Year long wait times for a new car is just one signal flashing the fragility of global supply chain arrangements and yes, my new Toyota will be here late 2023!
Increases in shipping costs, staff shortages and product delivery delays continue to disrupt supply chains as the pandemic grinds into a third year.
Frustrated manufacturers and businesses are questioning the underlying drivers of supply chain vulnerabilities, desperately seeking insights into building more resilient distribution processes. Our study set out to explore these drivers and offers some likely post-pandemic global supply chain scenarios.
Neoliberal globalisation – the supply chain back story
Long before the final product reaches consumers, its raw materials and intermediate input goods may have criss-crossed the globe multiple times. This multi-strand supply chain is the result of neoliberal globalisation policies, such as the reduction of trade barriers between nations, which emerged in the 1980’s.
These policies (with a special shout-out to the deregulation of capital markets) are why China and Southeast Asia became the world’s manufacturing hub. China has been the main beneficiary of global neoliberalism: currently it produces nearly 30% of manufactured goods, 50% of stainless steel and 80% of the printed circuit boards in smartphones and laptops.
Car manufacturing ended in Australia in 2019 as the industry was liberalised, with Southeast Asia now attractive with their low-cost labour and government incentives (lower taxes). However, my cousins in Geelong are still mourning the demise of Ford and blame the government’s minimal tariff protection policies.
Apple and other multinational firms have ‘offshored’ jobs from the Global North to the Global South facilitated by accounting and financial metrics that recognise the cheaper costs of labour, materials and inventory.
The West’s reliance on supply chains based in China is neatly demonstrated by the fall-off in the contribution of manufacturing to Australia’s GDP from almost 14% in 1990 to just 5% in 2020.
Australian Manufacturing Output 1990-2022
Building resilience into supply chains
China’s zero-COVID-19 policy continues to exacerbate shipment delays to western countries (note the severe production drop in 2020) and is forcing businesses to reassess the robustness of their supply chains.
Global neoliberalism is under attack from rising national populism, with nations like Australia venting concerns about reliance on other nation’s outputs and calls for greater degrees of onshoring and local manufacturing. As China increasingly seeks to influence geopolitical power relations and international trade, Western nations relying on a constant flow of goods from China are questioning the sustainability of existing supply chain structures.
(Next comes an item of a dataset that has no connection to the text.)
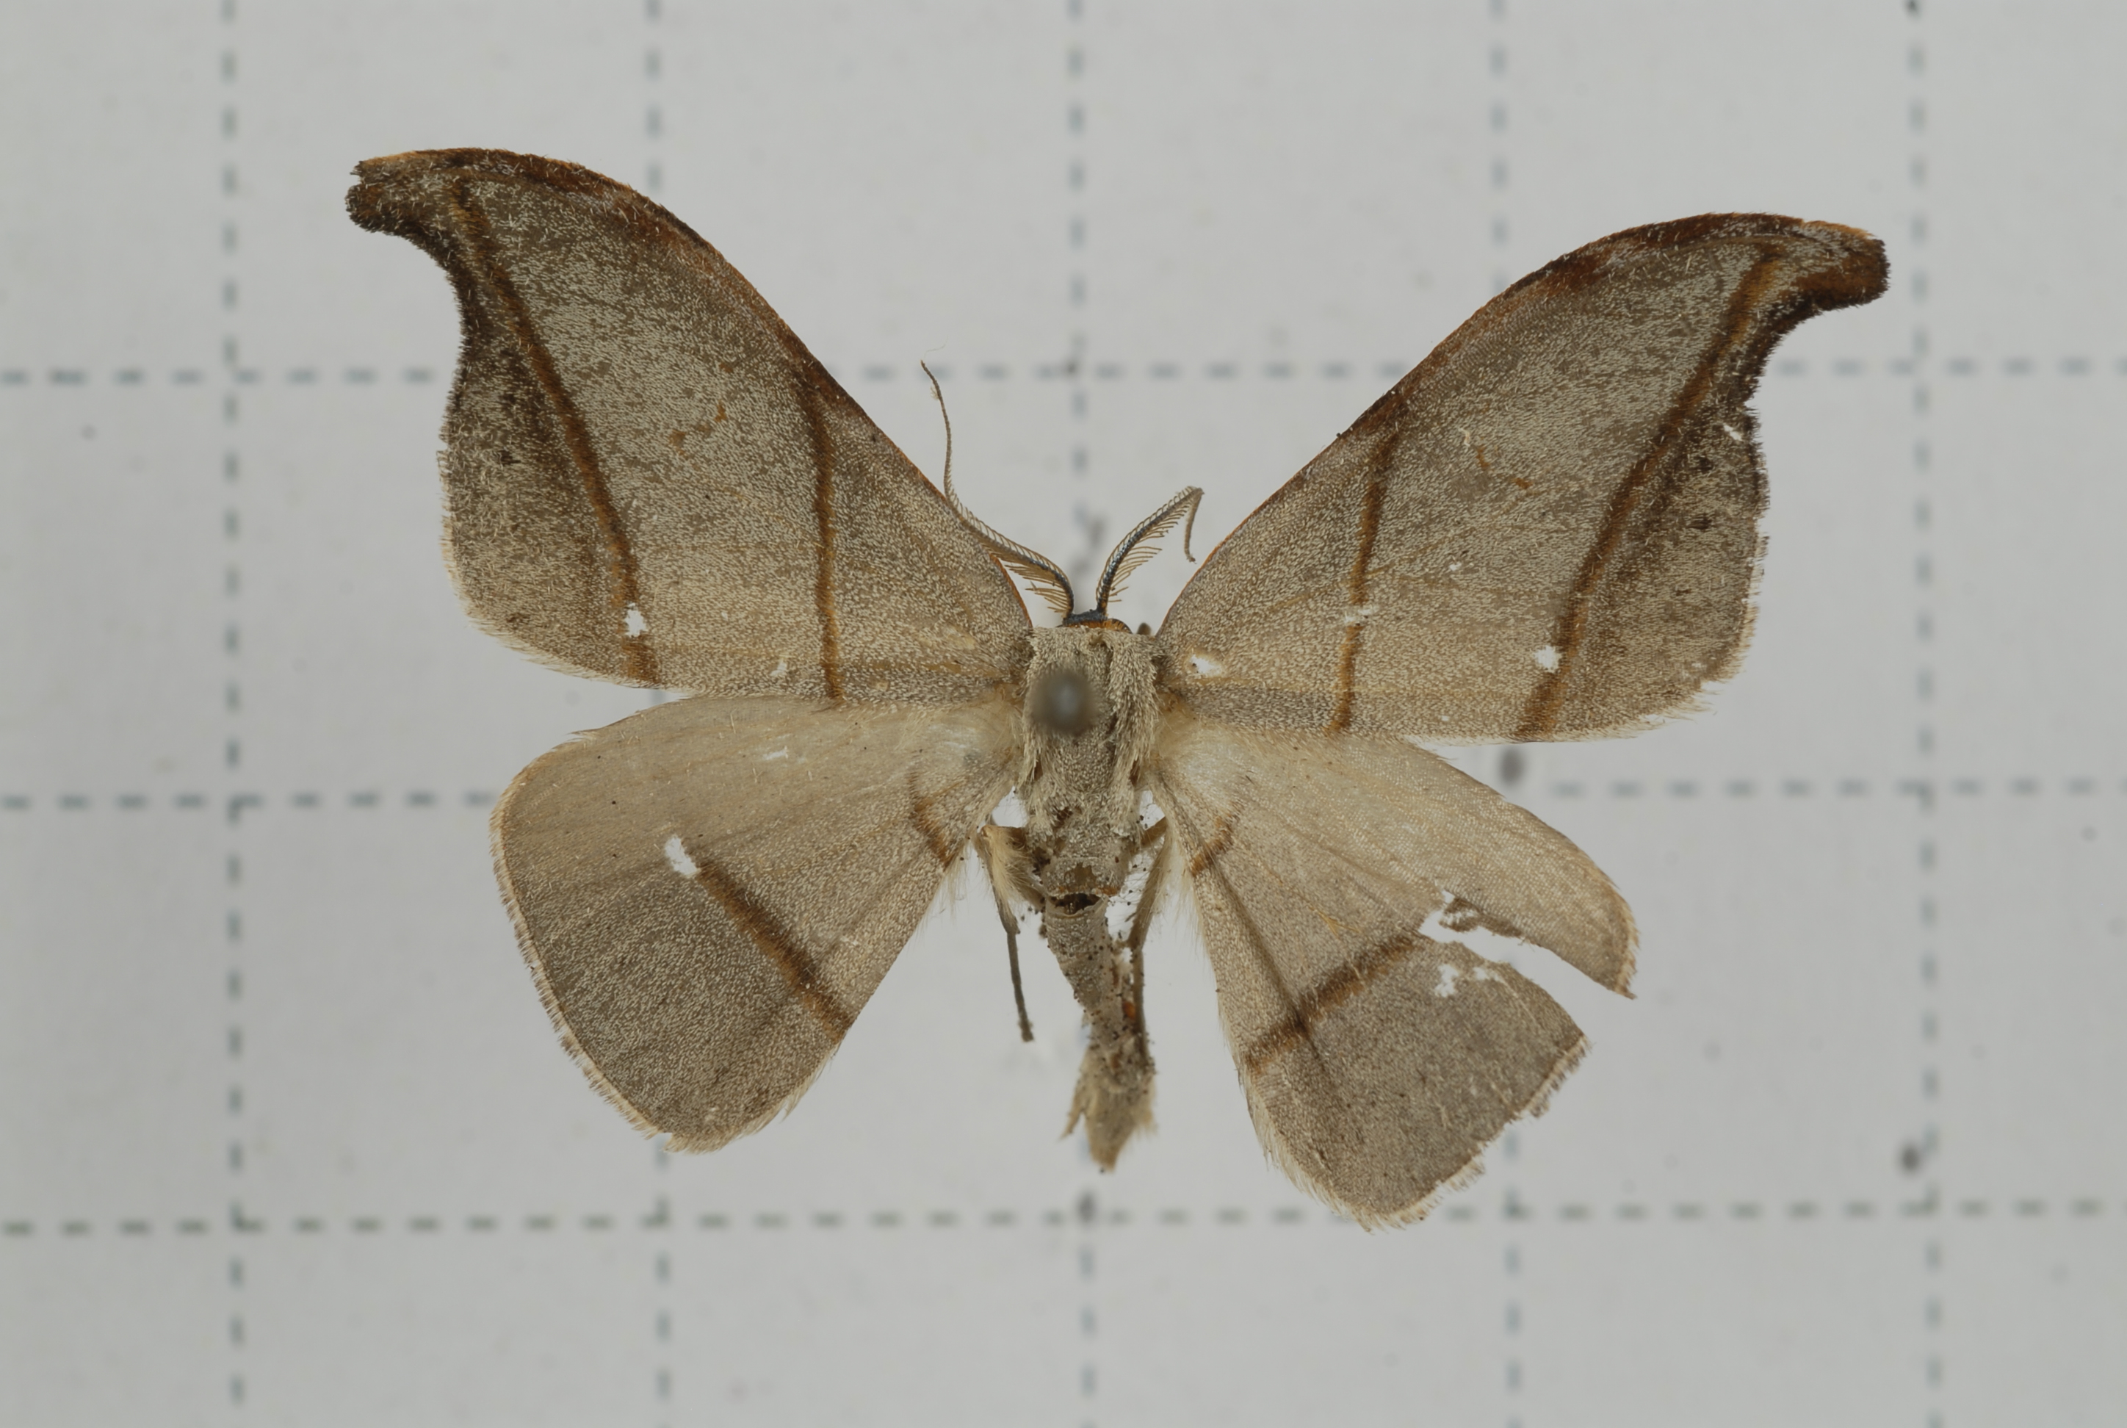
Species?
Nordstromia semililacina
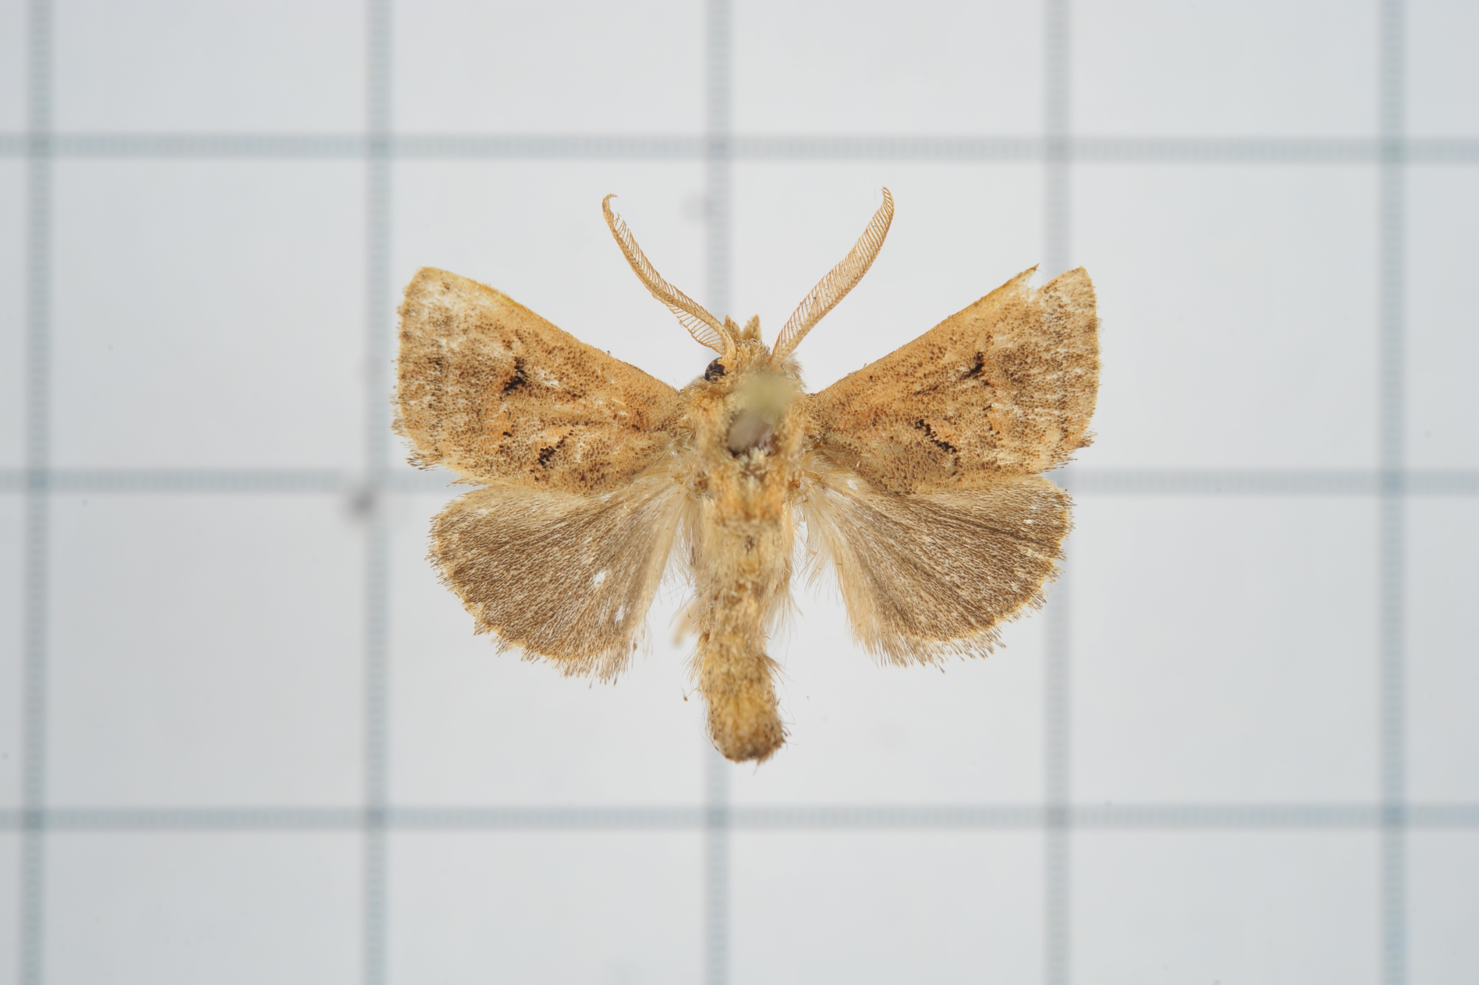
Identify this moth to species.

Our study suggests accounting for more robust supply chains focused on risk management where strategic supply chain monitoring and enhanced visibility across all supplier tiers is essential to build resilience in business supply chains.
Supply chain’s new world order
We anticipate several scenarios may play-out post-pandemic including: (1) the resumption of the pre-COVID-19 status quo, (2) the shortening of supply chains with greater regionalisation, and (3) the re-emergence of onshoring in the Global North whereby supply chains either in part or in total are taken back within national borders.
“A new urgency in reducing greenhouse gases, and geopolitics, plus the war in the Ukraine, have put the fragility of global supply chains top of mind. As managers navigate this dynamic, they need to think beyond product costs and supplier choices”Harvard Business Review, 2022
The likelihood is the future will contain traces of all three scenarios. Whichever trajectory emerges, it is clear that COVID-19 provides a reflection point for businesses and draws attention to ways to build greater resilience to global shocks.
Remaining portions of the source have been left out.